**What is needed:** Your task is to copy the stretch of lines in the records below that begins with the line containing "10) car (1127,856,1138,866)" and ends with the line containing "soap dispenser |", exactly as written, with nothing added.

**The data:**
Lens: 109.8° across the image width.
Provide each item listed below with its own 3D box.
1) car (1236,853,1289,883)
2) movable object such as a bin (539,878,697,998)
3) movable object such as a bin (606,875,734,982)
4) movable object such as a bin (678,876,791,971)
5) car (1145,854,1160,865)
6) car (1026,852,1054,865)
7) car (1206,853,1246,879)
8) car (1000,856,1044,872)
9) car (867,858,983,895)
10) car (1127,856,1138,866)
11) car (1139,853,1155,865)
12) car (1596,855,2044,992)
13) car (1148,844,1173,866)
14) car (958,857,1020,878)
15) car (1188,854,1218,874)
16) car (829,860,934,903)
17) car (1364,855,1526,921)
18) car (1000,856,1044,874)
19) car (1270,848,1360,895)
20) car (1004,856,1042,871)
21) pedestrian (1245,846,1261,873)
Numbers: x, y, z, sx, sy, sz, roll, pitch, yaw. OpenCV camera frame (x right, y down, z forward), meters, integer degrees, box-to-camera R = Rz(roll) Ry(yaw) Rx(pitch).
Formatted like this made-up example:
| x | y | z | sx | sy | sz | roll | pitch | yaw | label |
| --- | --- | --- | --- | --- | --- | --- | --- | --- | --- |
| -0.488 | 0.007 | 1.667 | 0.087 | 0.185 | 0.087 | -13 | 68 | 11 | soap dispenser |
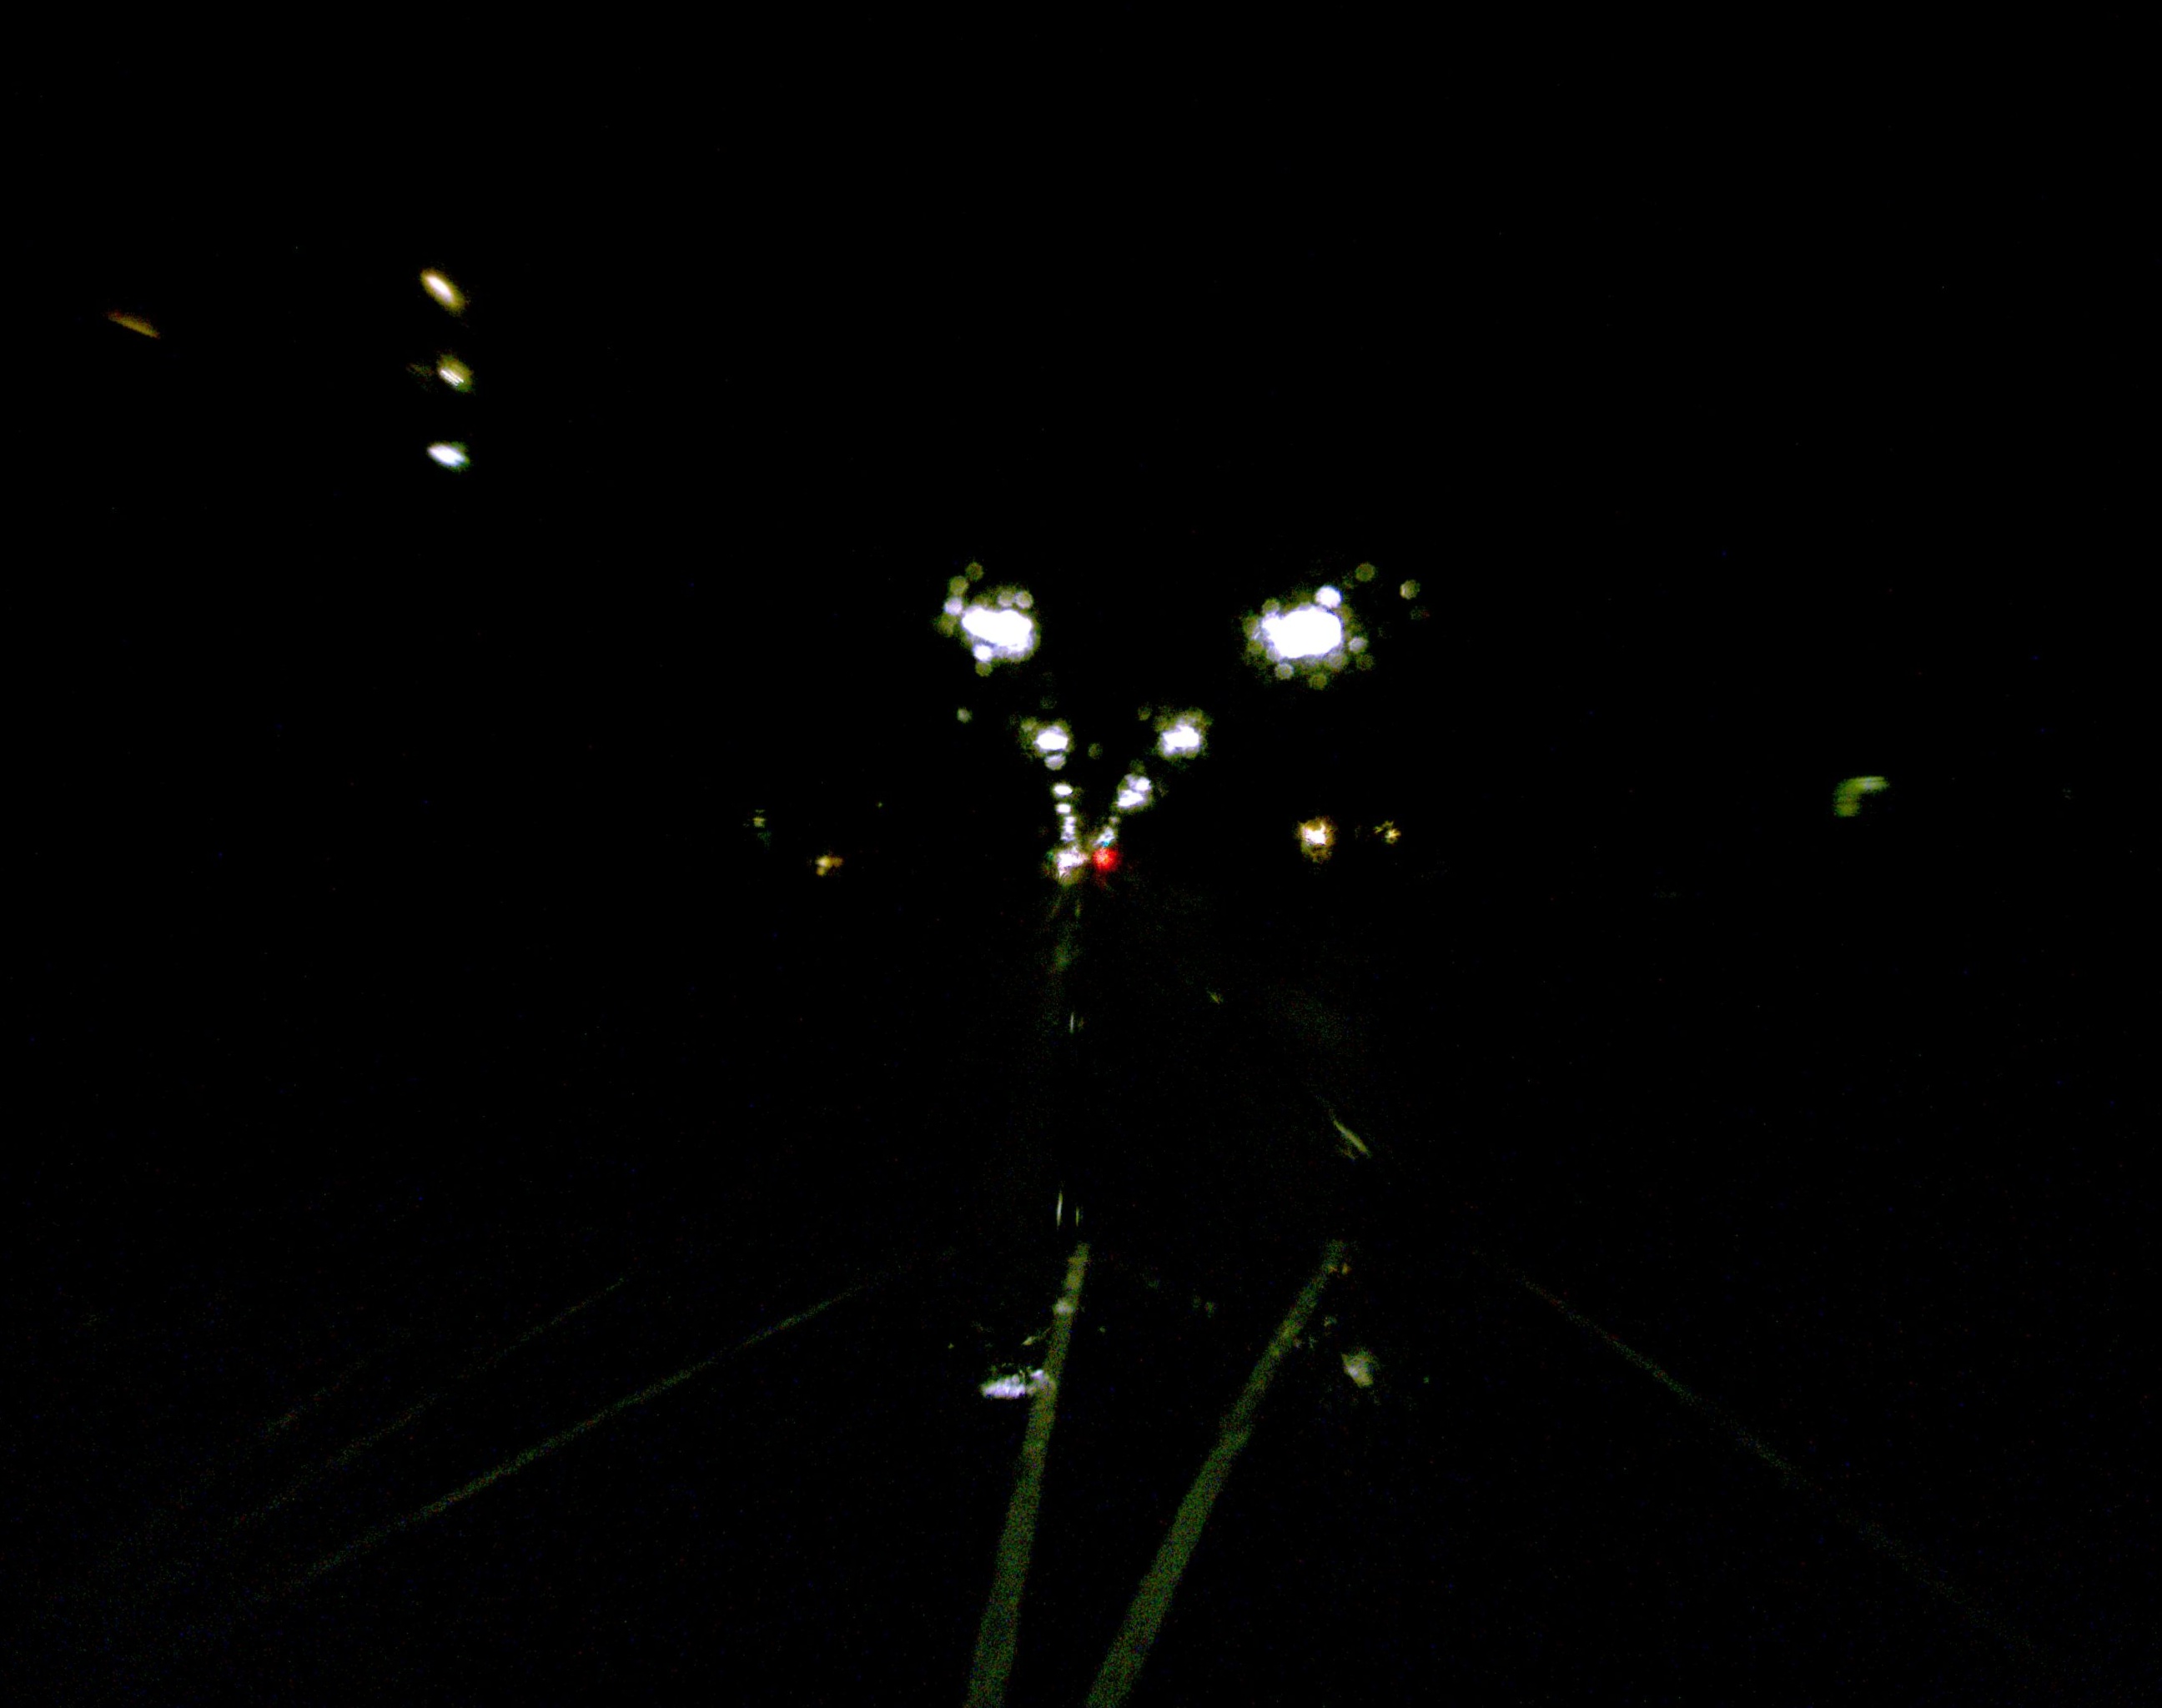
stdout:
| x | y | z | sx | sy | sz | roll | pitch | yaw | label |
| --- | --- | --- | --- | --- | --- | --- | --- | --- | --- |
| 9.550 | 0.687 | 40.360 | 1.735 | 1.430 | 4.625 | -2 | 1 | 1 | car |
| -5.969 | 1.041 | 9.878 | 1.371 | 1.414 | 1.073 | 0 | 1 | 6 | movable object such as a bin |
| -5.912 | 1.032 | 11.002 | 1.210 | 1.414 | 1.101 | 0 | 1 | 6 | movable object such as a bin |
| -5.502 | 1.071 | 12.158 | 1.326 | 1.400 | 1.159 | 0 | 1 | -5 | movable object such as a bin |
| 9.965 | 0.696 | 105.788 | 1.720 | 1.399 | 3.389 | -4 | 1 | -1 | car |
| -6.317 | 0.690 | 116.590 | 3.965 | 1.760 | 1.666 | -2 | 1 | -37 | car |
| 9.673 | 0.757 | 51.081 | 1.814 | 1.569 | 4.353 | -4 | 0 | 0 | car |
| -6.046 | 1.001 | 77.862 | 4.264 | 1.409 | 1.780 | -2 | 1 | -41 | car |
| -6.605 | 0.924 | 32.181 | 4.604 | 1.467 | 1.837 | 0 | 0 | -19 | car |
| 9.157 | 1.216 | 135.505 | 1.693 | 1.565 | 3.918 | -2 | 1 | 0 | car |
| 9.911 | 0.777 | 114.405 | 1.846 | 1.572 | 3.663 | -4 | 1 | -1 | car |
| 9.349 | 0.747 | 10.242 | 1.845 | 1.415 | 4.207 | -1 | 0 | -3 | car |
| 9.727 | 0.115 | 93.408 | 2.248 | 2.494 | 5.258 | -4 | 1 | -2 | car |
| -6.976 | 1.009 | 57.858 | 4.350 | 1.459 | 1.677 | -1 | 0 | -38 | car |
| 9.584 | 0.760 | 59.897 | 1.723 | 1.447 | 3.950 | -2 | 1 | 0 | car |
| -7.469 | 0.998 | 28.425 | 3.708 | 1.509 | 1.656 | 0 | 0 | -18 | car |
| 9.159 | 0.780 | 19.627 | 1.778 | 1.432 | 4.606 | -1 | 0 | -3 | car |
| -5.540 | 1.015 | 71.846 | 1.707 | 1.503 | 3.914 | -1 | 1 | 43 | car |
| 9.449 | 0.646 | 31.113 | 2.149 | 1.610 | 4.588 | -4 | 1 | 0 | car |
| -6.370 | 1.014 | 83.897 | 1.658 | 1.473 | 4.194 | -3 | -1 | 42 | car |
| 12.013 | 0.369 | 52.991 | 0.794 | 1.890 | 1.290 | -2 | 1 | 1 | pedestrian |

**Exercise answer:**
10) car (1127,856,1138,866)
11) car (1139,853,1155,865)
12) car (1596,855,2044,992)
13) car (1148,844,1173,866)
14) car (958,857,1020,878)
15) car (1188,854,1218,874)
16) car (829,860,934,903)
17) car (1364,855,1526,921)
18) car (1000,856,1044,874)
19) car (1270,848,1360,895)
20) car (1004,856,1042,871)
21) pedestrian (1245,846,1261,873)
Numbers: x, y, z, sx, sy, sz, roll, pitch, yaw. OpenCV camera frame (x right, y down, z forward), meters, integer degrees, box-to-camera R = Rz(roll) Ry(yaw) Rx(pitch).
Formatted like this made-up example:
| x | y | z | sx | sy | sz | roll | pitch | yaw | label |
| --- | --- | --- | --- | --- | --- | --- | --- | --- | --- |
| -0.488 | 0.007 | 1.667 | 0.087 | 0.185 | 0.087 | -13 | 68 | 11 | soap dispenser |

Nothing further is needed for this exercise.